## THE INPUT

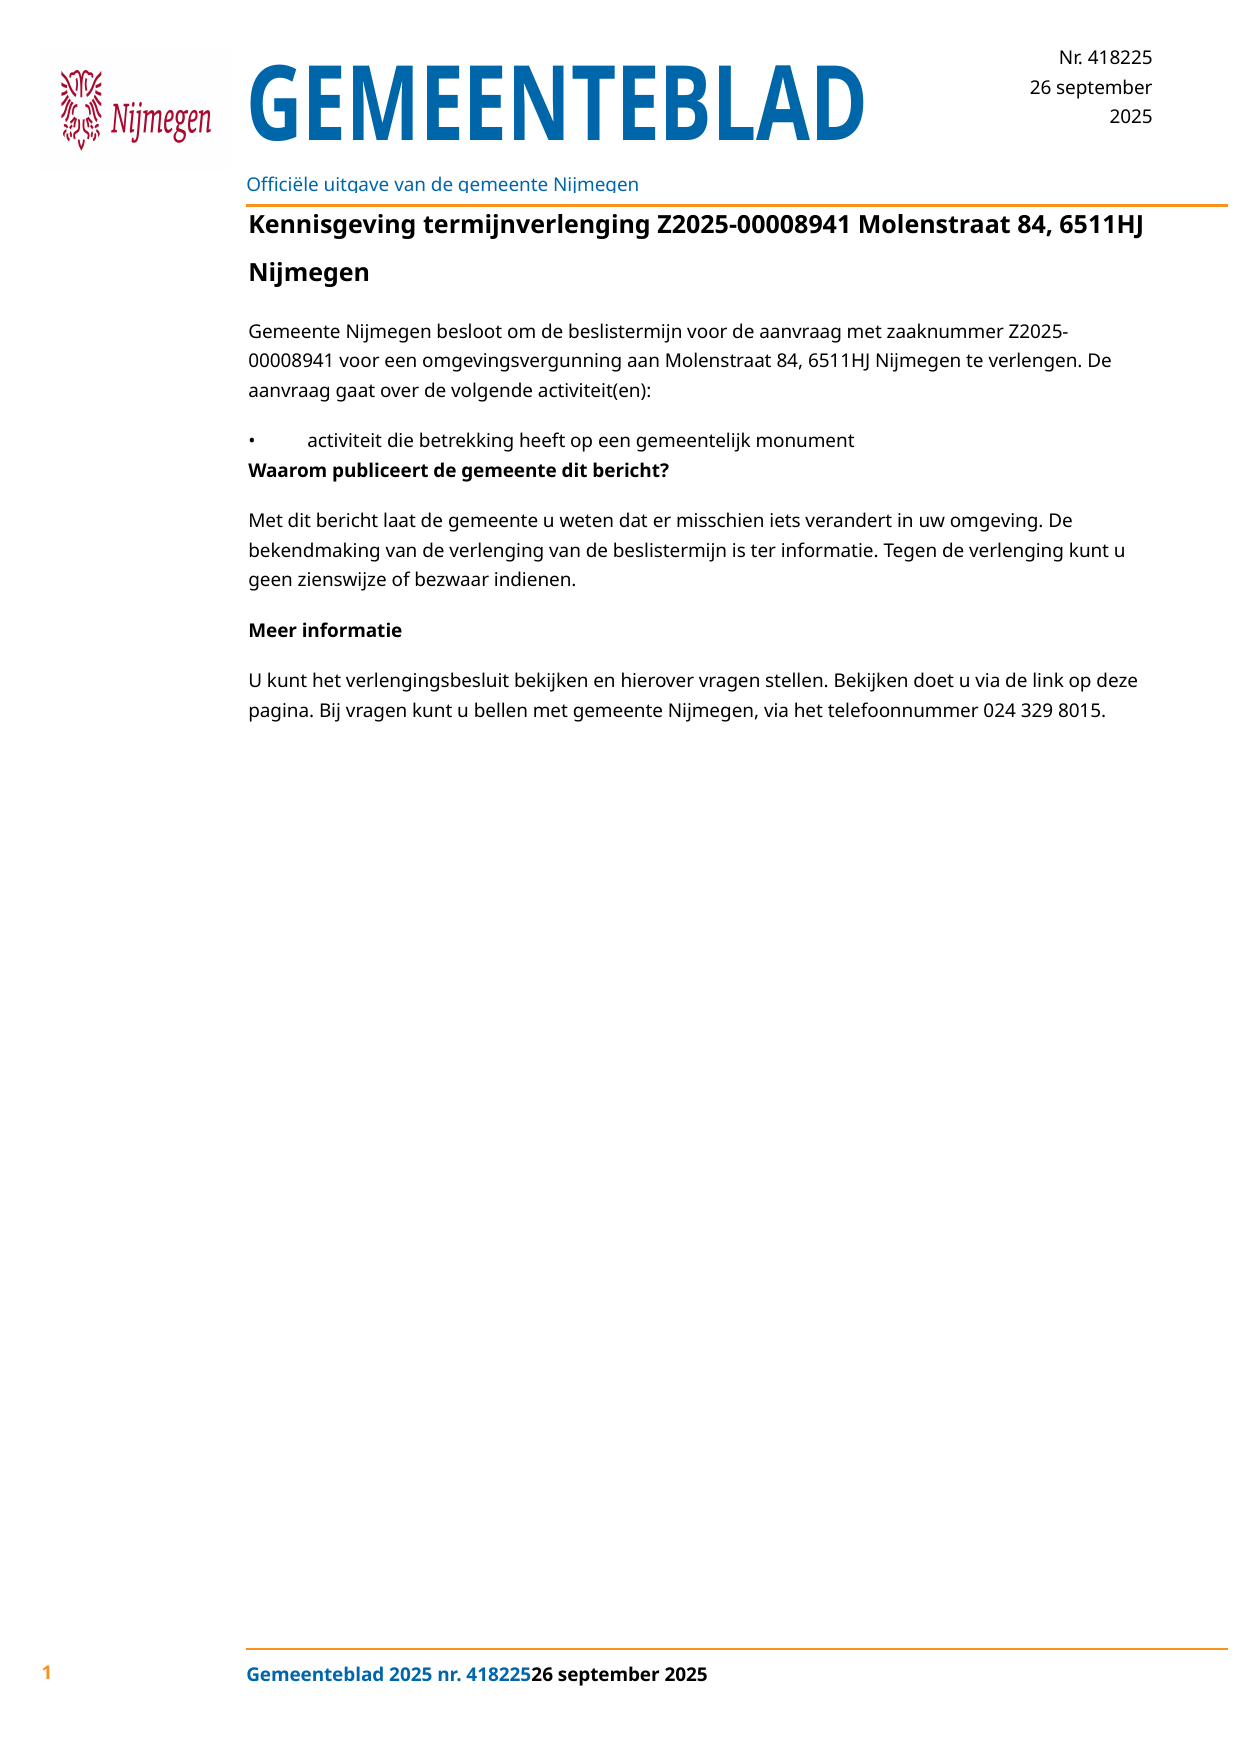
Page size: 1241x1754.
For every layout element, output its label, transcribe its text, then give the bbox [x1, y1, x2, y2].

list activiteit die betrekking heeft op een gemeentelijk monument [248, 427, 1152, 453]
text Waarom publiceert de gemeente dit bericht? [248, 457, 1152, 483]
text Meer informatie [248, 617, 1152, 643]
text Met dit bericht laat de gemeente u weten dat er misschien iets verandert in uw omgeving. De bekendmaking van de verlenging van de beslistermijn is ter informatie. Tegen de verlenging kunt u geen zienswijze of bezwaar indienen. [248, 507, 1152, 592]
text Kennisgeving termijnverlenging Z2025-00008941 Molenstraat 84, 6511HJ Nijmegen [248, 207, 1152, 288]
text Gemeente Nijmegen besloot om de beslistermijn voor de aanvraag met zaaknummer Z2025-00008941 voor een omgevingsvergunning aan Molenstraat 84, 6511HJ Nijmegen te verlengen. De aanvraag gaat over de volgende activiteit(en): [248, 318, 1152, 403]
text U kunt het verlengingsbesluit bekijken en hierover vragen stellen. Bekijken doet u via de link op deze pagina. Bij vragen kunt u bellen met gemeente Nijmegen, via het telefoonnummer 024 329 8015. [248, 667, 1152, 723]
picture [41, 47, 231, 172]
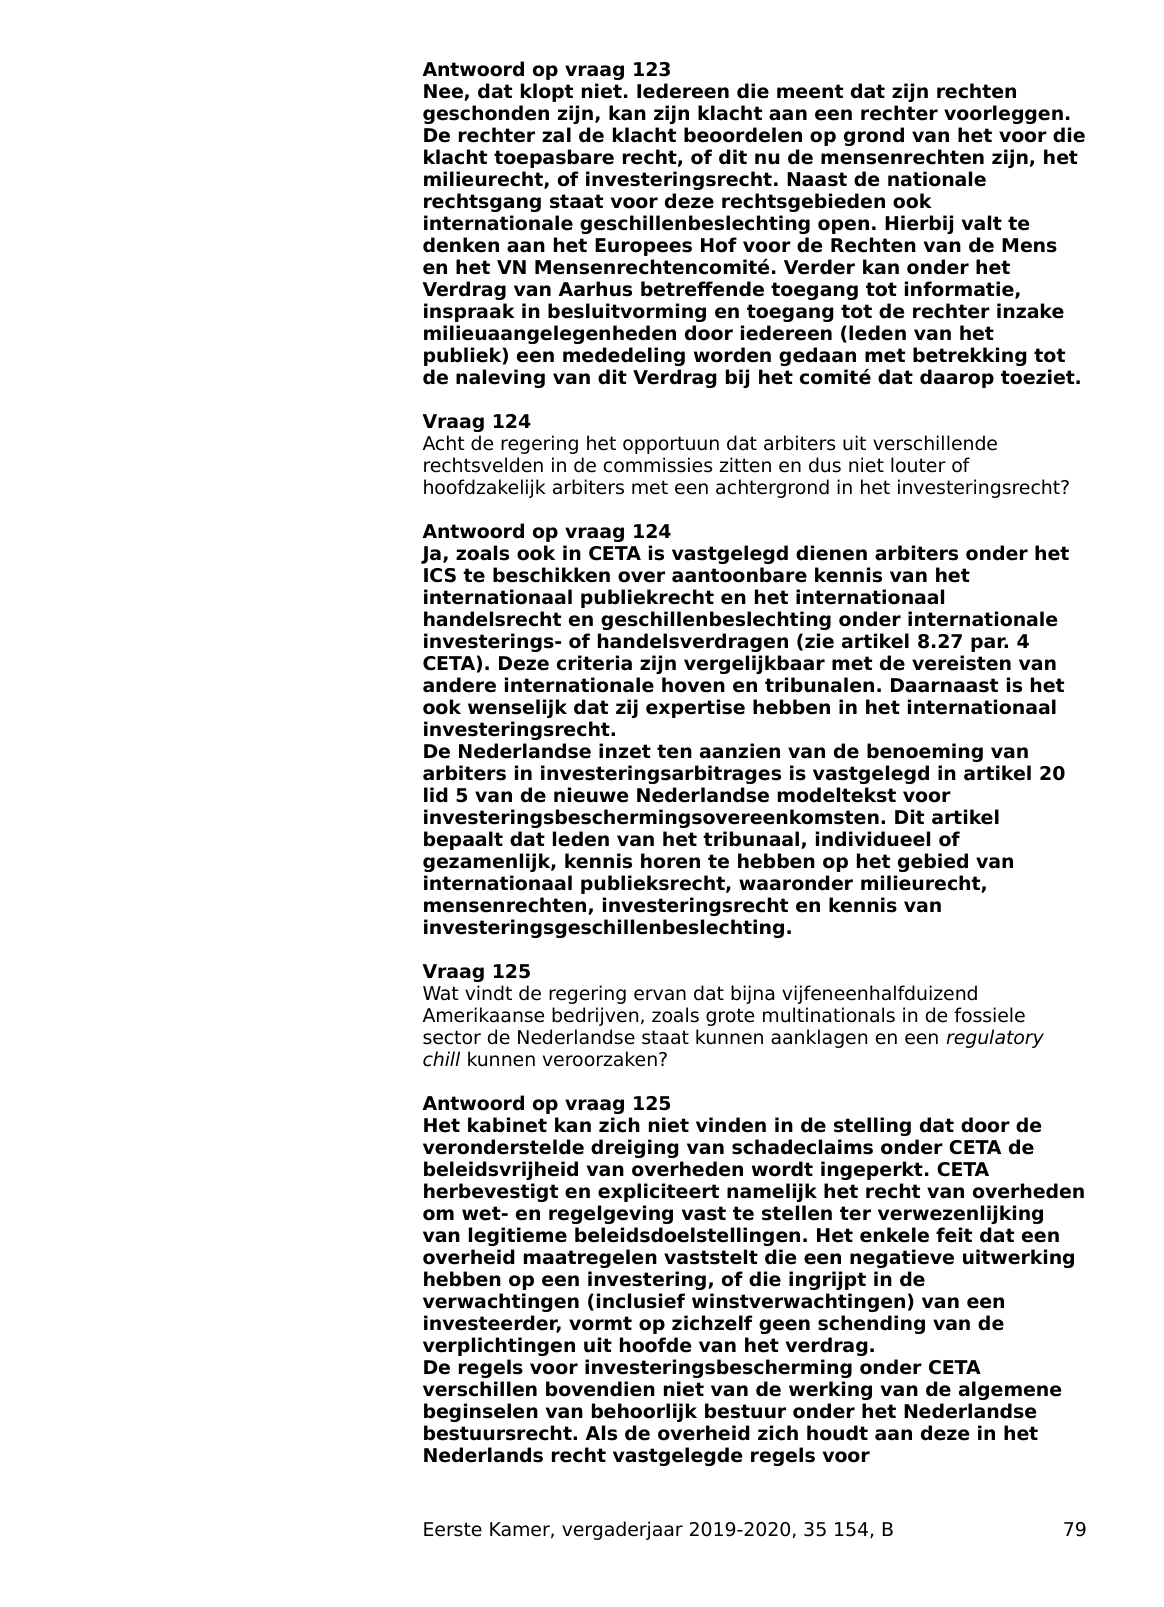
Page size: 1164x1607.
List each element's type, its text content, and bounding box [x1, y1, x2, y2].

text Acht de regering het opportuun dat arbiters uit verschillende rechtsvelden in de commissies zitten en dus niet louter of hoofdzakelijk arbiters met een achtergrond in het investeringsrecht? [422, 433, 1087, 499]
text De Nederlandse inzet ten aanzien van de benoeming van arbiters in investeringsarbitrages is vastgelegd in artikel 20 lid 5 van de nieuwe Nederlandse modeltekst voor investeringsbeschermingsovereenkomsten. Dit artikel bepaalt dat leden van het tribunaal, individueel of gezamenlijk, kennis horen te hebben op het gebied van internationaal publieksrecht, waaronder milieurecht, mensenrechten, investeringsrecht en kennis van investeringsgeschillenbeslechting. [422, 741, 1087, 939]
text De regels voor investeringsbescherming onder CETA verschillen bovendien niet van de werking van de algemene beginselen van behoorlijk bestuur onder het Nederlandse bestuursrecht. Als de overheid zich houdt aan deze in het Nederlands recht vastgelegde regels voor [422, 1357, 1087, 1467]
text Antwoord op vraag 123 [422, 59, 1087, 81]
text Vraag 124 [422, 411, 1087, 433]
text Antwoord op vraag 125 [422, 1093, 1087, 1115]
text Antwoord op vraag 124 [422, 521, 1087, 543]
text Wat vindt de regering ervan dat bijna vijfeneenhalfduizend Amerikaanse bedrijven, zoals grote multinationals in de fossiele sector de Nederlandse staat kunnen aanklagen en een regulatory chill kunnen veroorzaken? [422, 983, 1087, 1071]
text Vraag 125 [422, 961, 1087, 983]
text Nee, dat klopt niet. Iedereen die meent dat zijn rechten geschonden zijn, kan zijn klacht aan een rechter voorleggen. De rechter zal de klacht beoordelen op grond van het voor die klacht toepasbare recht, of dit nu de mensenrechten zijn, het milieurecht, of investeringsrecht. Naast de nationale rechtsgang staat voor deze rechtsgebieden ook internationale geschillenbeslechting open. Hierbij valt te denken aan het Europees Hof voor de Rechten van de Mens en het VN Mensenrechtencomité. Verder kan onder het Verdrag van Aarhus betreffende toegang tot informatie, inspraak in besluitvorming en toegang tot de rechter inzake milieuaangelegenheden door iedereen (leden van het publiek) een mededeling worden gedaan met betrekking tot de naleving van dit Verdrag bij het comité dat daarop toeziet. [422, 81, 1087, 389]
text Het kabinet kan zich niet vinden in de stelling dat door de veronderstelde dreiging van schadeclaims onder CETA de beleidsvrijheid van overheden wordt ingeperkt. CETA herbevestigt en expliciteert namelijk het recht van overheden om wet- en regelgeving vast te stellen ter verwezenlijking van legitieme beleidsdoelstellingen. Het enkele feit dat een overheid maatregelen vaststelt die een negatieve uitwerking hebben op een investering, of die ingrijpt in de verwachtingen (inclusief winstverwachtingen) van een investeerder, vormt op zichzelf geen schending van de verplichtingen uit hoofde van het verdrag. [422, 1115, 1087, 1357]
text Ja, zoals ook in CETA is vastgelegd dienen arbiters onder het ICS te beschikken over aantoonbare kennis van het internationaal publiekrecht en het internationaal handelsrecht en geschillenbeslechting onder internationale investerings- of handelsverdragen (zie artikel 8.27 par. 4 CETA). Deze criteria zijn vergelijkbaar met de vereisten van andere internationale hoven en tribunalen. Daarnaast is het ook wenselijk dat zij expertise hebben in het internationaal investeringsrecht. [422, 543, 1087, 741]
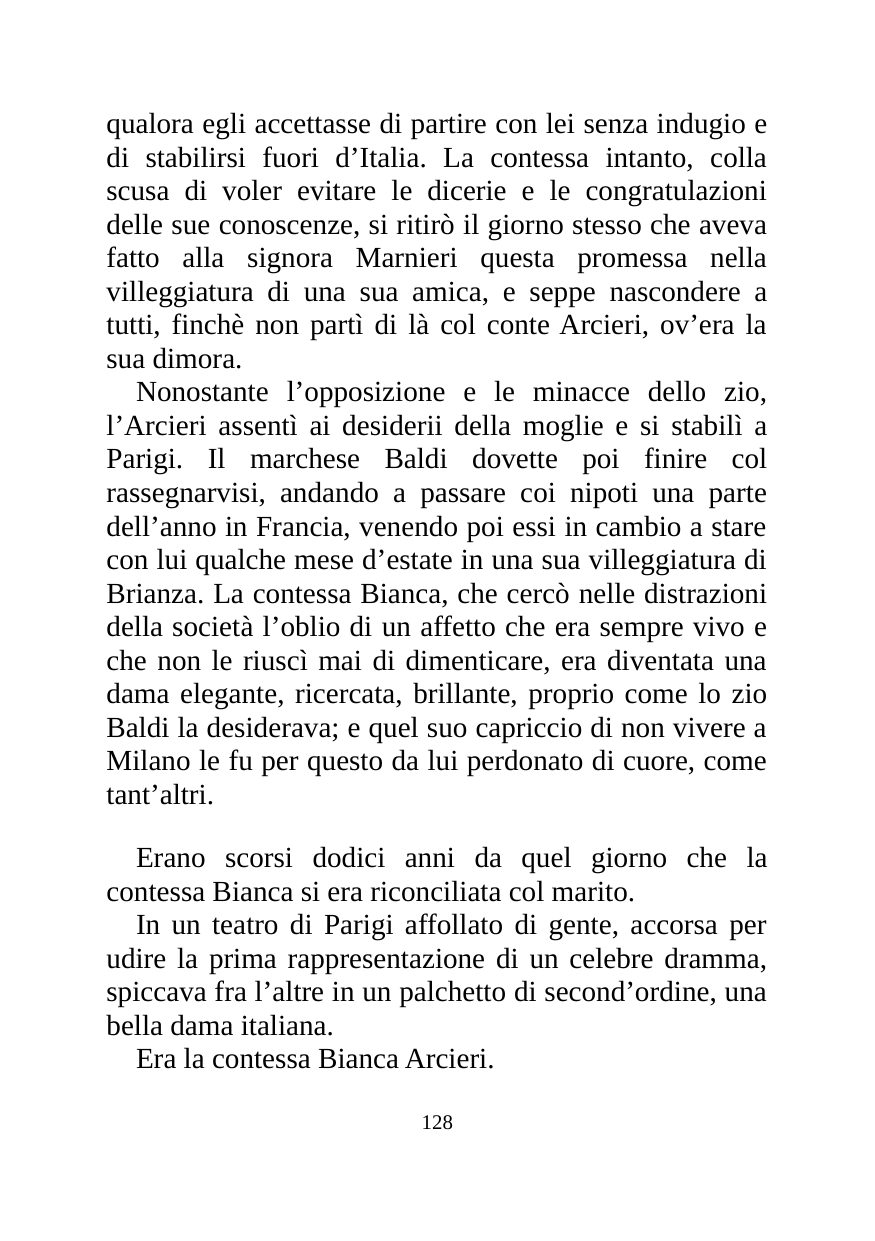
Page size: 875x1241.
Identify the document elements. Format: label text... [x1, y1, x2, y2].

text Erano scorsi dodici anni da quel giorno che la contessa Bianca si era riconciliata col marito. [106, 840, 768, 907]
text In un teatro di Parigi affollato di gente, accorsa per udire la prima rappresentazione di un celebre dramma, spiccava fra l’altre in un palchetto di second’ordine, una bella dama italiana. [106, 907, 768, 1041]
text qualora egli accettasse di partire con lei senza indugio e di stabilirsi fuori d’Italia. La contessa intanto, colla scusa di voler evitare le dicerie e le congratulazioni delle sue conoscenze, si ritirò il giorno stesso che aveva fatto alla signora Marnieri questa promessa nella villeggiatura di una sua amica, e seppe nascondere a tutti, finchè non partì di là col conte Arcieri, ov’era la sua dimora. [106, 106, 768, 374]
text Era la contessa Bianca Arcieri. [106, 1041, 768, 1075]
text Nonostante l’opposizione e le minacce dello zio, l’Arcieri assentì ai desiderii della moglie e si stabilì a Parigi. Il marchese Baldi dovette poi finire col rassegnarvisi, andando a passare coi nipoti una parte dell’anno in Francia, venendo poi essi in cambio a stare con lui qualche mese d’estate in una sua villeggiatura di Brianza. La contessa Bianca, che cercò nelle distrazioni della società l’oblio di un affetto che era sempre vivo e che non le riuscì mai di dimenticare, era diventata una dama elegante, ricercata, brillante, proprio come lo zio Baldi la desiderava; e quel suo capriccio di non vivere a Milano le fu per questo da lui perdonato di cuore, come tant’altri. [106, 374, 768, 811]
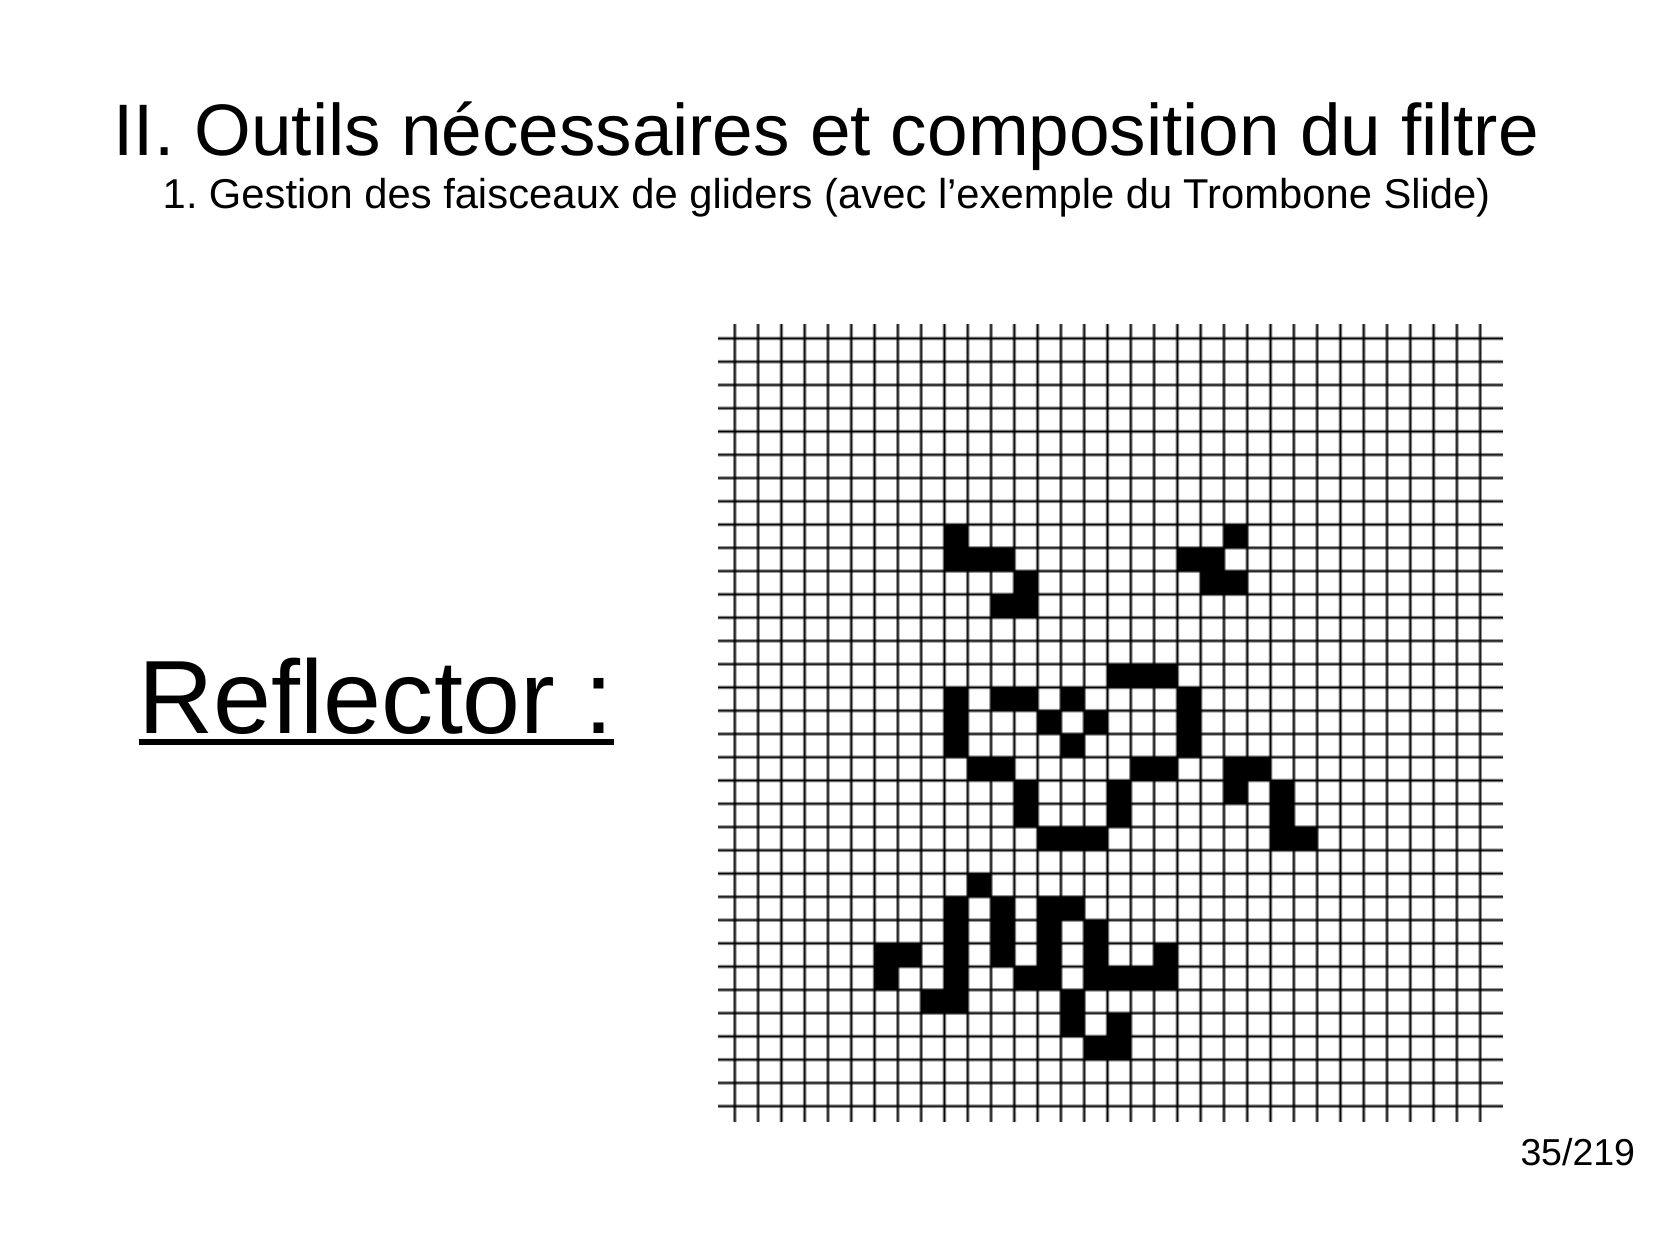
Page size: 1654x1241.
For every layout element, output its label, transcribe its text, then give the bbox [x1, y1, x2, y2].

text_box <number>/219 [1505, 1124, 1654, 1182]
picture [718, 324, 1503, 1123]
text_box Reflector : [124, 631, 629, 763]
title II. Outils nécessaires et composition du filtre 1. Gestion des faisceaux de gliders (avec l’exemple du Trombone Slide) [0, 30, 1654, 276]

## WHAT THE TASK ASKS
Locate the word "Molenstraat" in the records and collect each line it appears in.

## SOLUTION TO THIS PROBLEM
text Kennisgeving termijnverlenging Z2025-00008941 Molenstraat 84, 6511HJ Nijmegen [248, 207, 1152, 288]
text Gemeente Nijmegen besloot om de beslistermijn voor de aanvraag met zaaknummer Z2025-00008941 voor een omgevingsvergunning aan Molenstraat 84, 6511HJ Nijmegen te verlengen. De aanvraag gaat over de volgende activiteit(en): [248, 318, 1152, 403]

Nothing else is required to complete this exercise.